We have all extant bears in our tree, thus we can set the sampling probability to 1:

rho <- 1.0

We don’t know the root age of the tree, but since we’re only inferring relative ages, we can set that to 1 as well:

extant_mrca <- 1.0

Having all the parts of the birth-death model together, we can pass them to the corresponding function that lets us draw from a distribution of trees, but this time we assign it with a = instead of an ~. We’re also setting the condition to nTaxa, because we only want trees with as many extant species as we have in or data set:

tree_dist = dnBDP(lambda=speciation_rate, mu=extinction_rate, rho=rho, rootAge=extant_mrca, samplingStrategy="uniform", condition="nTaxa", taxa=taxa)

This is to allow us to include a topology constraint before drawing trees. We want the Ursidae to be monophyletic, so we use clade to define that group, and then the function for drawing constrained topologies to finally draw trees.

clade_ursinae = clade("Melursus_ursinus", "Ursus_arctos", "Ursus_maritimus", "Helarctos_malayanus", "Ursus_americanus", "Ursus_thibetanus")                      
constraints = v(clade_ursinae)
timetree ~ dnConstrainedTopology(tree_dist, constraints=constraints)
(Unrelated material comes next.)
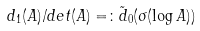<formula> <loc_0><loc_0><loc_500><loc_500>d _ { 1 } ( A ) / d e t ( A ) = \colon \tilde { d } _ { 0 } ( \sigma ( \log A ) )</formula>

Note that this time, we’re not clamping any data to the timetree, since our data isn’t a tree that we’re trying to fit a bd model to, but instead this is simply our prior for the tree estimation!

We add a number of tree moves again, including some for topology (mvFNPR), and node ages (mvNodeTimeSlideUniform):

moves.append( mvNarrow(timetree, weight=n_taxa) )
moves.append( mvFNPR(timetree, weight=n_taxa/4) )
moves.append( mvNodeTimeSlideUniform(timetree, weight=n_taxa) )
moves.append( mvSubtreeScale(timetree, weight=n_taxa/5.0) )

Finally, we can monitor the age of our constrained clade, e.g. to see it progress in the analysis:

age_ursinae := tmrca(timetree, clade_ursinae)

The Clock Model

Global Molekular Clock

As the simplest clock model, we can take a global molecular clock, which assumes one single rate across all branches and constant through time. We can set an exponential prior with a rate parameter of 10:

branch_rates ~ dnExponential(10.0)
moves.append( mvScale(branch_rates, lambda=0.5, tune=true, weight=3.0) )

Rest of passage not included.